* [Problem to solve] Everything in the records below except the images should be output exactly as written.
---------------
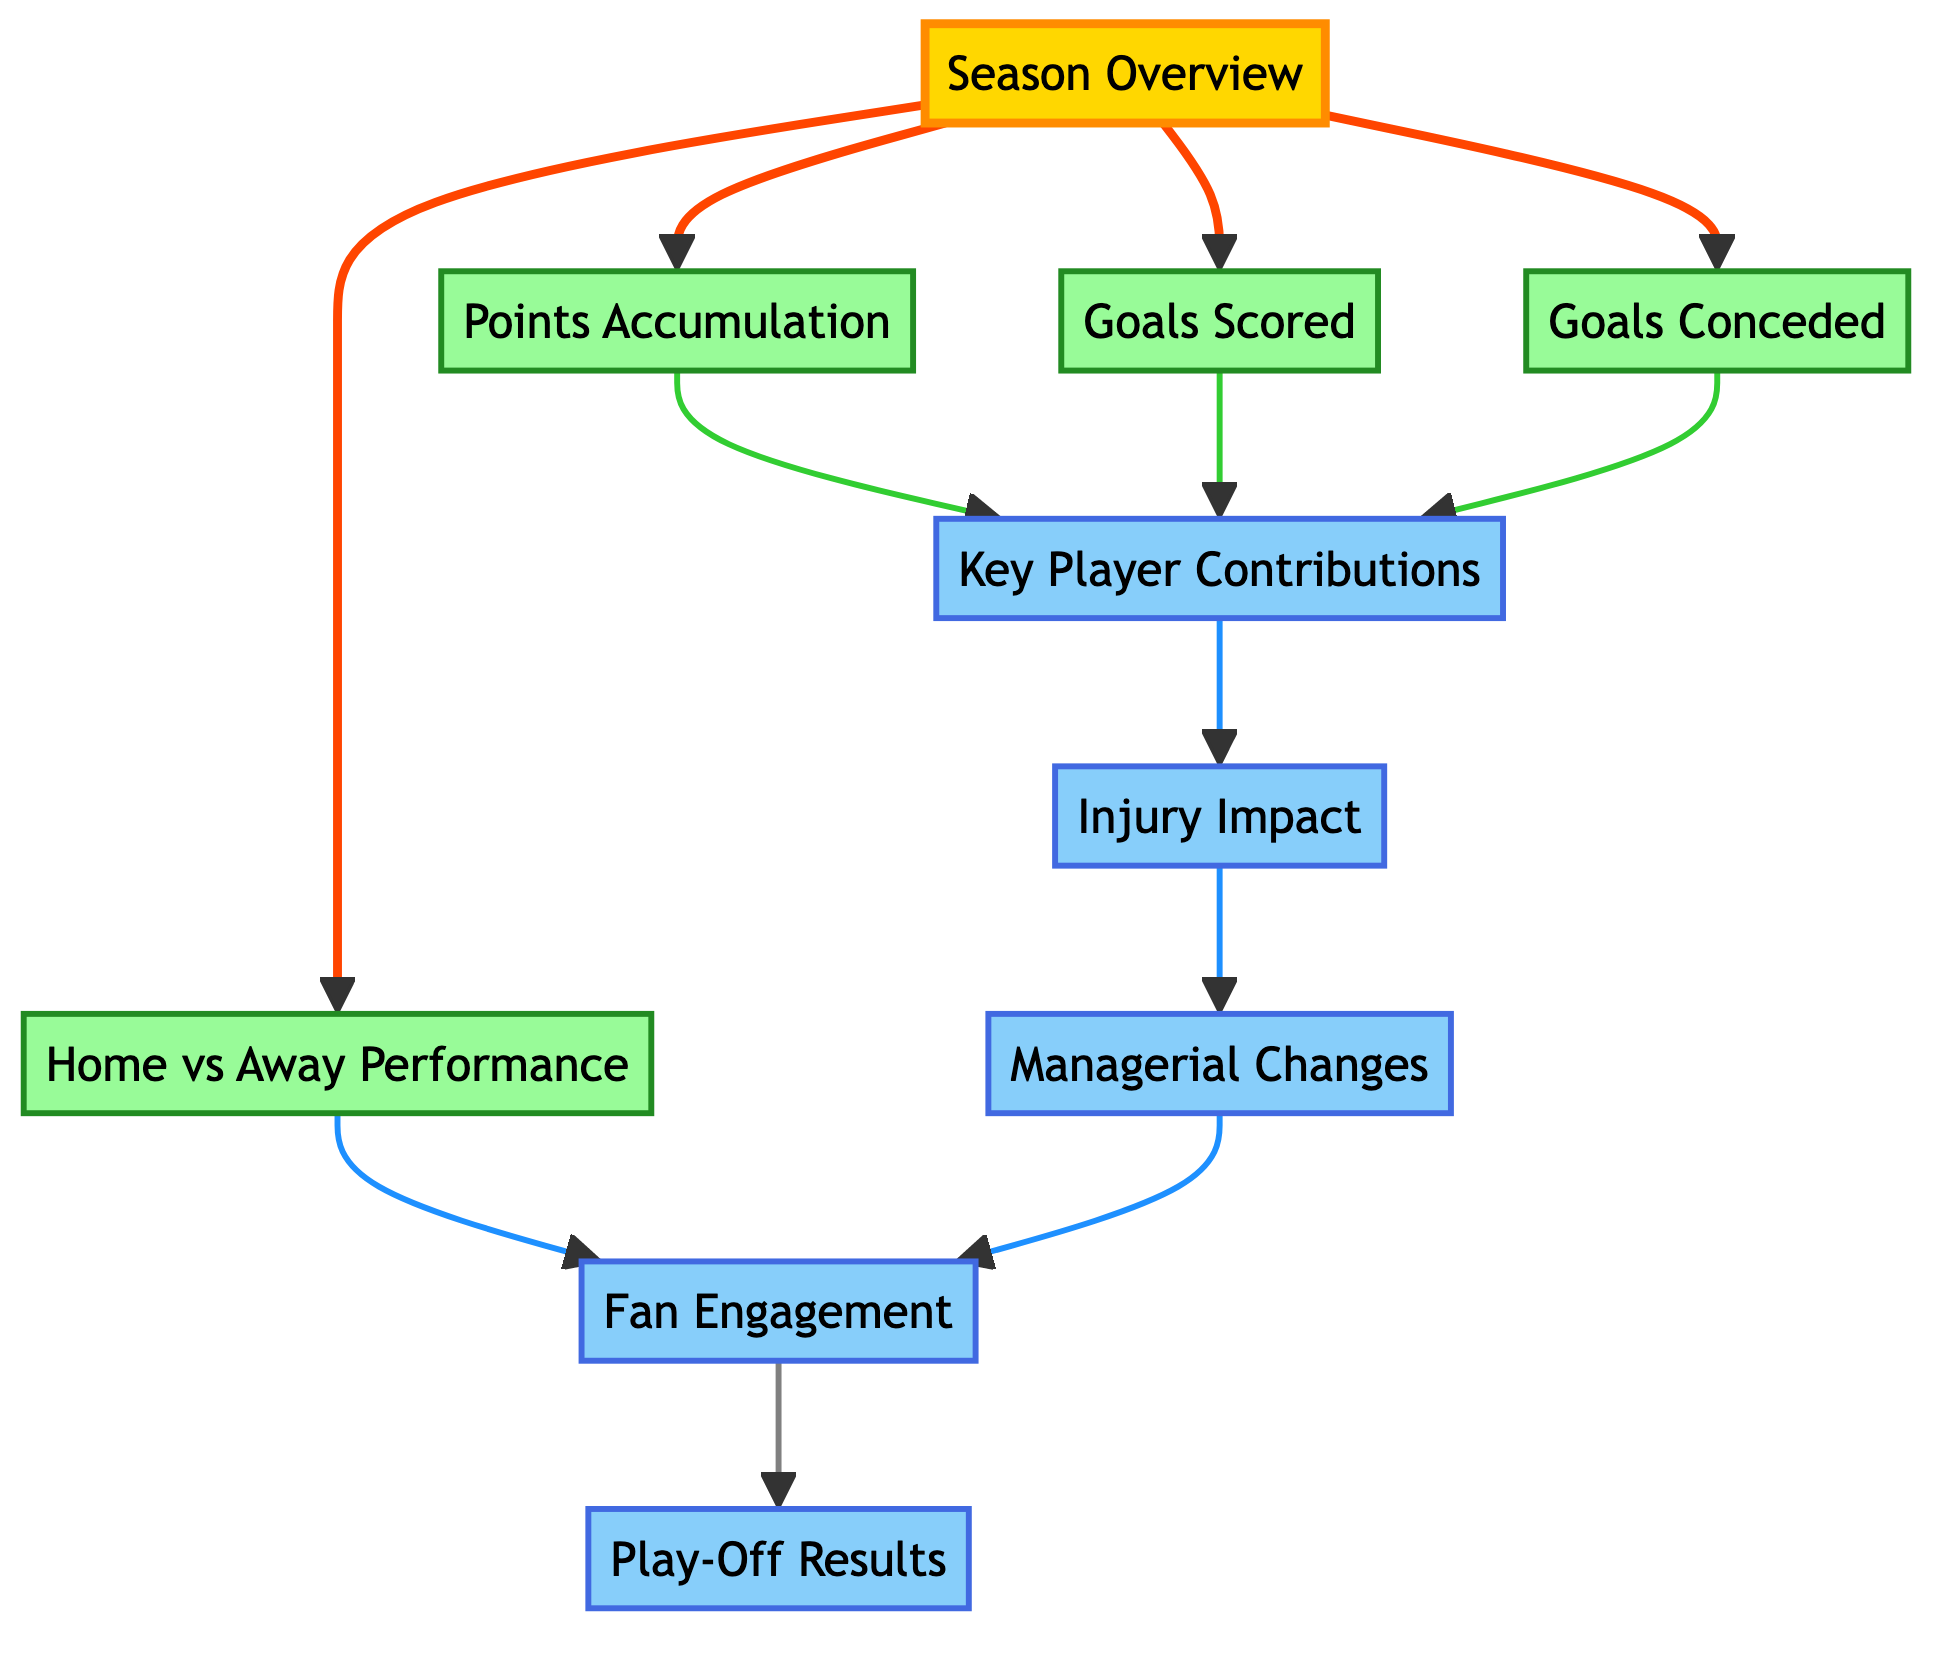What is the starting point of the flowchart? The flowchart begins with the "Season Overview" node, which provides a summary of overall performance for each season and serves as the initial entry point into the analysis.
Answer: Season Overview How many main performance metrics are linked directly to the Season Overview? From the "Season Overview" node, there are four direct links leading to the performance metrics: "Points Accumulation," "Goals Scored," "Goals Conceded," and "Home vs Away Performance," totaling four main metrics.
Answer: Four Which node is impacted by "Key Player Contributions" and "Injury Impact"? Both "Key Player Contributions" and "Injury Impact" influence the "Managerial Changes" node, as they form part of the assessment of overall performance aspects that can affect managerial decisions.
Answer: Managerial Changes What is the relationship between "Fan Engagement" and "Play-Off Results"? "Fan Engagement" directly leads to "Play-Off Results," indicating that the levels of fan support and attendance at matches may impact the outcomes of any play-off matches in the last five seasons.
Answer: Direct connection Which element of the diagram shows how injuries affect a team's performance? The "Injury Impact" element specifically illustrates the effect of player injuries on season performance, highlighting how injuries can influence overall results.
Answer: Injury Impact How many different types of nodes are categorized in the flowchart? The flowchart categorizes nodes into three types: season nodes, performance nodes, and impact nodes, totaling three different categories.
Answer: Three What metric is directly associated with both goals scored and goals conceded? "Key Player Contributions" is directly associated with both "Goals Scored" and "Goals Conceded," indicating that standout players can significantly affect both scoring and conceding goals.
Answer: Key Player Contributions Which node is a result of both managerial changes and injury impact? The node that results from the combination of "Managerial Changes" and "Injury Impact" is "Fan Engagement," showing how managerial decisions and injury effects can affect fan support.
Answer: Fan Engagement What does the Home vs Away Performance node analyze? The "Home vs Away Performance" node analyzes the comparison of Exeter City's performance during home matches relative to away matches across the seasons.
Answer: Comparison of performance
---------------
* [Your solution]
What is the starting point of the flowchart? The flowchart begins with the "Season Overview" node, which provides a summary of overall performance for each season and serves as the initial entry point into the analysis.
Answer: Season Overview How many main performance metrics are linked directly to the Season Overview? From the "Season Overview" node, there are four direct links leading to the performance metrics: "Points Accumulation," "Goals Scored," "Goals Conceded," and "Home vs Away Performance," totaling four main metrics.
Answer: Four Which node is impacted by "Key Player Contributions" and "Injury Impact"? Both "Key Player Contributions" and "Injury Impact" influence the "Managerial Changes" node, as they form part of the assessment of overall performance aspects that can affect managerial decisions.
Answer: Managerial Changes What is the relationship between "Fan Engagement" and "Play-Off Results"? "Fan Engagement" directly leads to "Play-Off Results," indicating that the levels of fan support and attendance at matches may impact the outcomes of any play-off matches in the last five seasons.
Answer: Direct connection Which element of the diagram shows how injuries affect a team's performance? The "Injury Impact" element specifically illustrates the effect of player injuries on season performance, highlighting how injuries can influence overall results.
Answer: Injury Impact How many different types of nodes are categorized in the flowchart? The flowchart categorizes nodes into three types: season nodes, performance nodes, and impact nodes, totaling three different categories.
Answer: Three What metric is directly associated with both goals scored and goals conceded? "Key Player Contributions" is directly associated with both "Goals Scored" and "Goals Conceded," indicating that standout players can significantly affect both scoring and conceding goals.
Answer: Key Player Contributions Which node is a result of both managerial changes and injury impact? The node that results from the combination of "Managerial Changes" and "Injury Impact" is "Fan Engagement," showing how managerial decisions and injury effects can affect fan support.
Answer: Fan Engagement What does the Home vs Away Performance node analyze? The "Home vs Away Performance" node analyzes the comparison of Exeter City's performance during home matches relative to away matches across the seasons.
Answer: Comparison of performance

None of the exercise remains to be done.